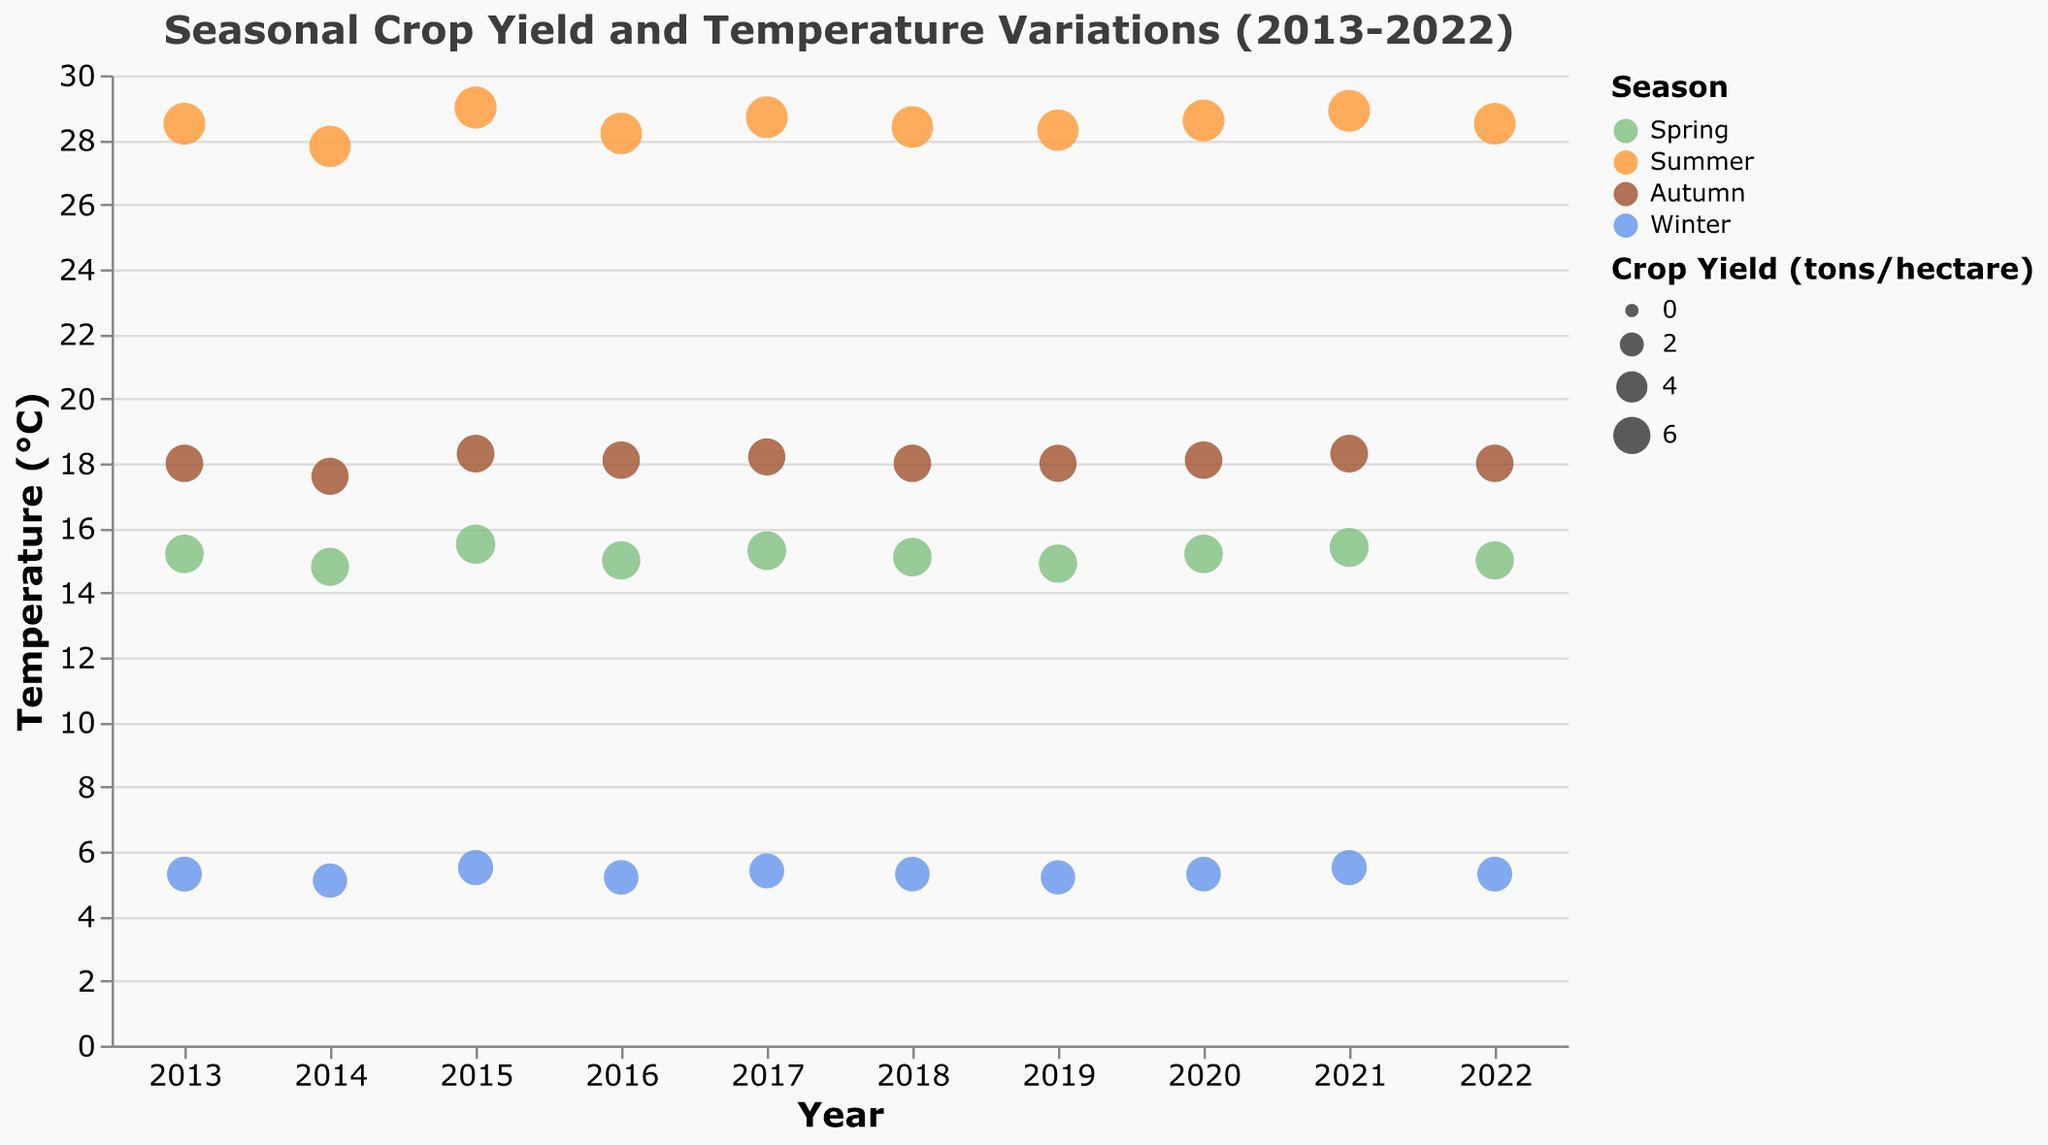1. What is the overall trend in temperatures from 2013 to 2022? Observe the y-axis labeled "Temperature (°C)" and the x-axis labeled "Year". Track the temperatures for each year and season, noting any overall increase or decrease.
Answer: The temperatures seem relatively stable over the years 2. Which season has the highest crop yield consistently across the years? Look at the "Crop Yield (tons/hectare)" represented by the size of the dots. Identify the season with the largest dots consistently from 2013 to 2022.
Answer: Summer 3. How does the crop yield in Spring of 2017 compare to the Spring of 2021? Refer to the "Crop Yield (tons/hectare)" for Spring in the years 2017 and 2021. Compare the sizes of the dots.
Answer: 6.6 (2017) vs 6.7 (2021) 4. What is the highest recorded temperature in the dataset? Check the y-axis labeled "Temperature (°C)" and identify the highest temperature value.
Answer: 29.0°C in Summer 2015 5. Compare the rainfall amounts in Winter across the years. Which year had the least rainfall? Look at the rainfall values during Winter across all years and identify the year with the lowest value on the y-axis labeled "Rainfall (mm)".
Answer: 2021 6. Is there a correlation between the amount of sunlight hours and crop yield in Summer seasons? Observe the Summer data points and compare the "Sunlight Hours" and "Crop Yield (tons/hectare)" by noting the sizes and horizontal positions.
Answer: Generally, more sunlight hours seem to correspond to higher crop yields 7. Which two seasons show the most significant difference in crop yield in 2020? Identify the size of the dots for each season in 2020. Calculate the differences in "Crop Yield (tons/hectare)" and find the largest one.
Answer: Spring and Summer (7.8 - 6.5 = 1.3 tons/hectare) 8. What year had the highest Sunlight Hours in Summer, and what was the crop yield that year? Look for the maximum "Sunlight Hours" during Summer seasons over the years and note the corresponding "Crop Yield (tons/hectare)".
Answer: 2021 with 2130 hours and 7.8 tons/hectare 9. During which season does the temperature have the smallest range across the years? Compare the temperature ranges of each season from 2013 to 2022 by identifying the maximum and minimum values and calculating the differences.
Answer: Winter 10. How much did the crop yield in Winter of 2013 differ from that of 2014? Subtract the "Crop Yield (tons/hectare)" in Winter 2014 from Winter 2013.
Answer: 5.2 - 5.0 = 0.2 tons/hectare
□ □ □ □
*TASK DIRECTIONS*. Out of the entries above, write out only the lines between the line holding "Answer: The temperatures" and the line holding "Answer: 29.0°C in", inclusive, each exactly as given.

*RESULT OF THE TASK*.
Answer: The temperatures seem relatively stable over the years 2. Which season has the highest crop yield consistently across the years? Look at the "Crop Yield (tons/hectare)" represented by the size of the dots. Identify the season with the largest dots consistently from 2013 to 2022.
Answer: Summer 3. How does the crop yield in Spring of 2017 compare to the Spring of 2021? Refer to the "Crop Yield (tons/hectare)" for Spring in the years 2017 and 2021. Compare the sizes of the dots.
Answer: 6.6 (2017) vs 6.7 (2021) 4. What is the highest recorded temperature in the dataset? Check the y-axis labeled "Temperature (°C)" and identify the highest temperature value.
Answer: 29.0°C in Summer 2015 5. Compare the rainfall amounts in Winter across the years. Which year had the least rainfall? Look at the rainfall values during Winter across all years and identify the year with the lowest value on the y-axis labeled "Rainfall (mm)".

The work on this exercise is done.